Gastrosquise em filhote canino sem raça definida – relato de caso

Revista Agrária Acadêmica

agrariacad.com

doi: 10.32406/v6n1/2023/35-39/agrariacad

 

Gastrosquise em filhote canino sem raça definida – relato de caso. Gastroschisis in a non-defined canine puppy – case report.

 

Ana de Paula Leite da Silva¹, Ana Paula de Amorim Souza¹, Angela Cristina Ferraz Caciano¹, Elãine Lopes Pereira¹, Leonardo Rosa da Silva¹, Ronaldo Santos Chagas¹, Ana Carla de Lima Scarpati2, Juliana Sousa Terada Nascimento3, Luiz Donizete Campeiro Junior3, Jomel Francisco dos Santos3*

 

1- Discente do Curso de Medicina Veterinária, Instituto Federal de Educação, Ciência e Tecnologia de Rondônia – IFRO – JARU/RONDÔNIA – BRASIL.
2- Médica Veterinária.
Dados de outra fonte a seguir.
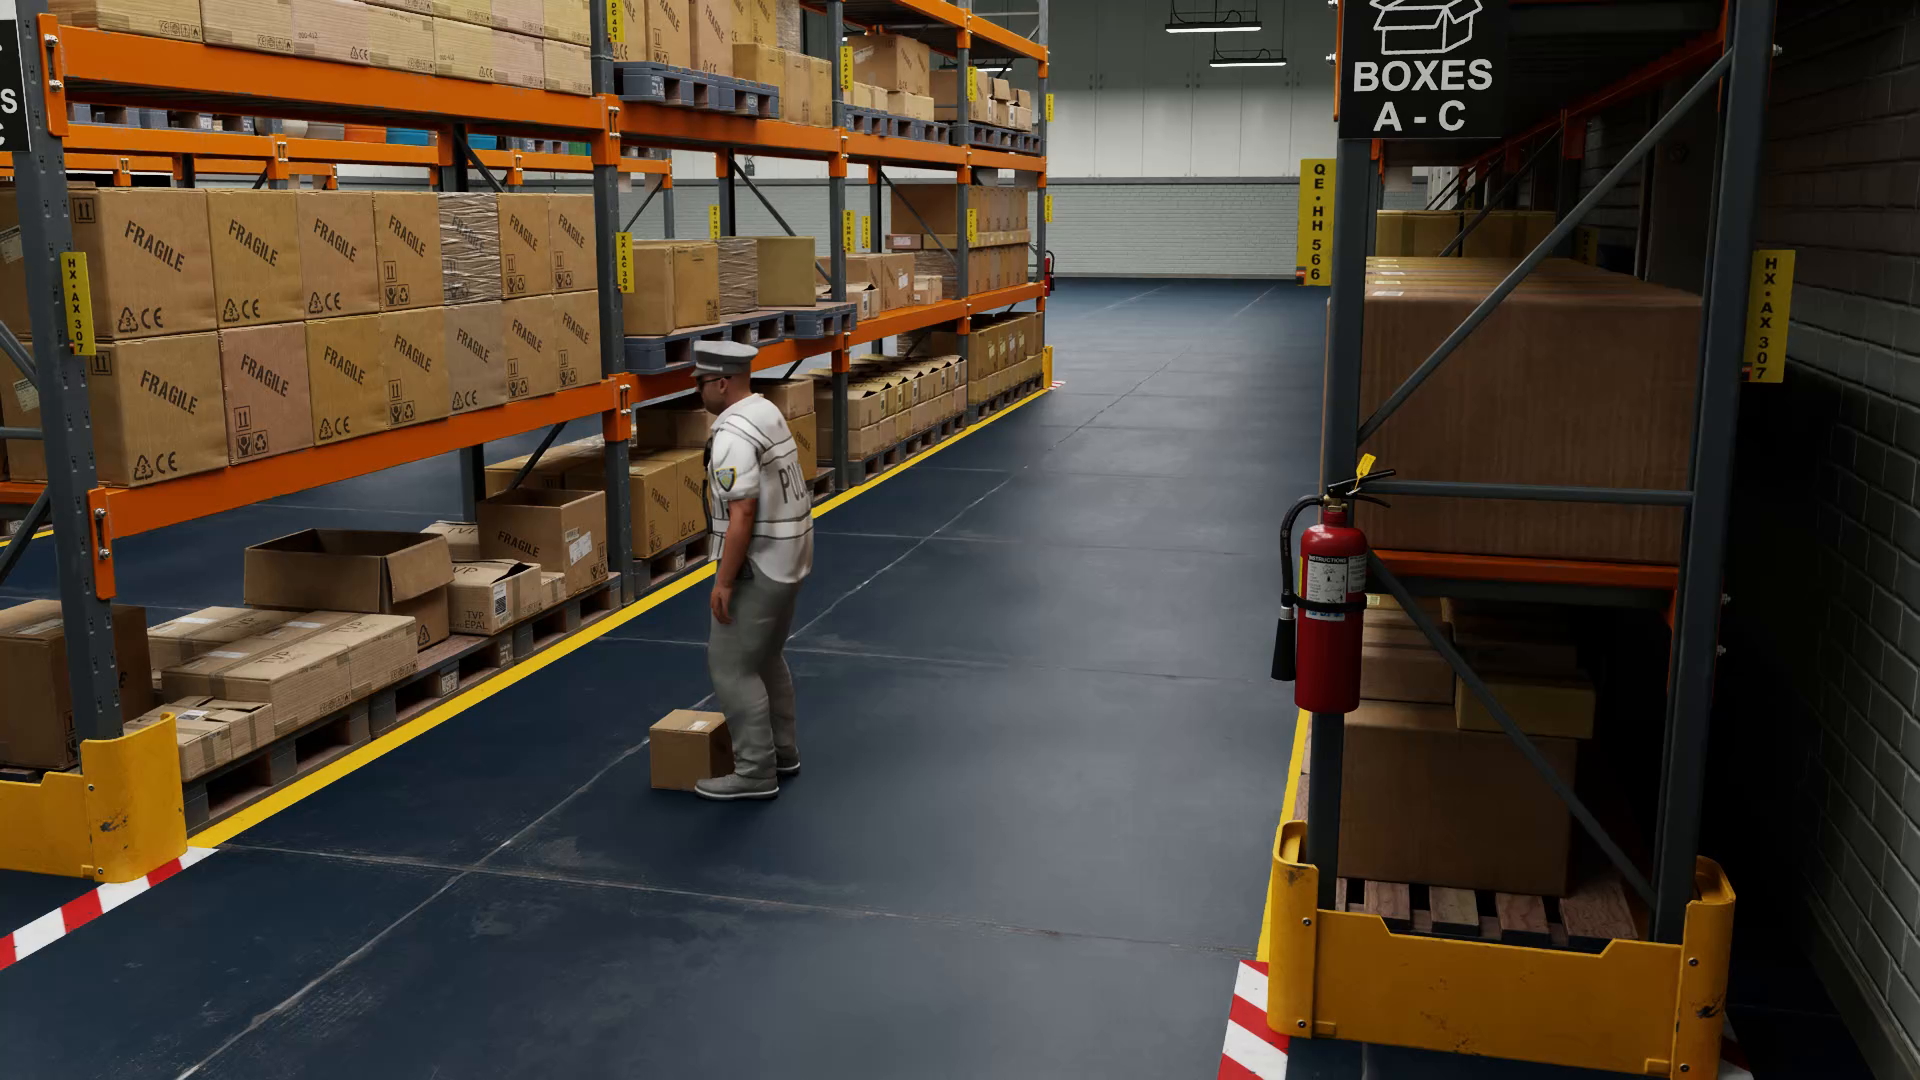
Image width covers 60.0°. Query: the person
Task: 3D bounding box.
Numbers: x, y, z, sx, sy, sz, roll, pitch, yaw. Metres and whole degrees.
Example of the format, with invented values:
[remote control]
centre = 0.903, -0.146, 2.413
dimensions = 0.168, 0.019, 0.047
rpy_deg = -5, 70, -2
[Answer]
[person]
centre = -0.790, 0.112, 6.370
dimensions = 0.436, 1.748, 0.606
rpy_deg = 2, 12, 10

Universidade Federal de Rondônia – UNIR – ROLIM DE MOURA/RONDÔNIA – BRASIL.
3- Docente do Curso de Medicina Veterinária, Instituto Federal de Educação, Ciência e Tecnologia de Rondônia – IFRO – JARU/RONDÔNIA – BRASIL.
*Autor para correspondência: E-mail: jomel.santos@ifro.edu.br

 

Resumo

 

Em neonatos caninos os defeitos congênitos são comumente encontrados na rotina clínica veterinária. Dentre eles está a gastrosquise, onde consistem em uma falha no fechamento da parede abdominal durante o período fetal, desencadeando a saída de órgãos abdominais e, algumas vezes, também órgãos da cavidade torácica. Animais acometidos com essa anomalia podem apresentar tratamento limitado. A fim de garantir bom prognóstico aos pacientes portadores, como no caso apresentado, realizou-se o procedimento cirúrgico de gastrosquise com sucesso. O presente trabalho tem por objetivo apresentar um relato de caso de um paciente canino diagnosticado com gastrosquise, sendo realizado procedimento cirúrgico de reposição do intestino e fechamento da cavidade abdominal do animal. O procedimento anestésico e a correção cirúrgica foram eficaz para a correção da malformação.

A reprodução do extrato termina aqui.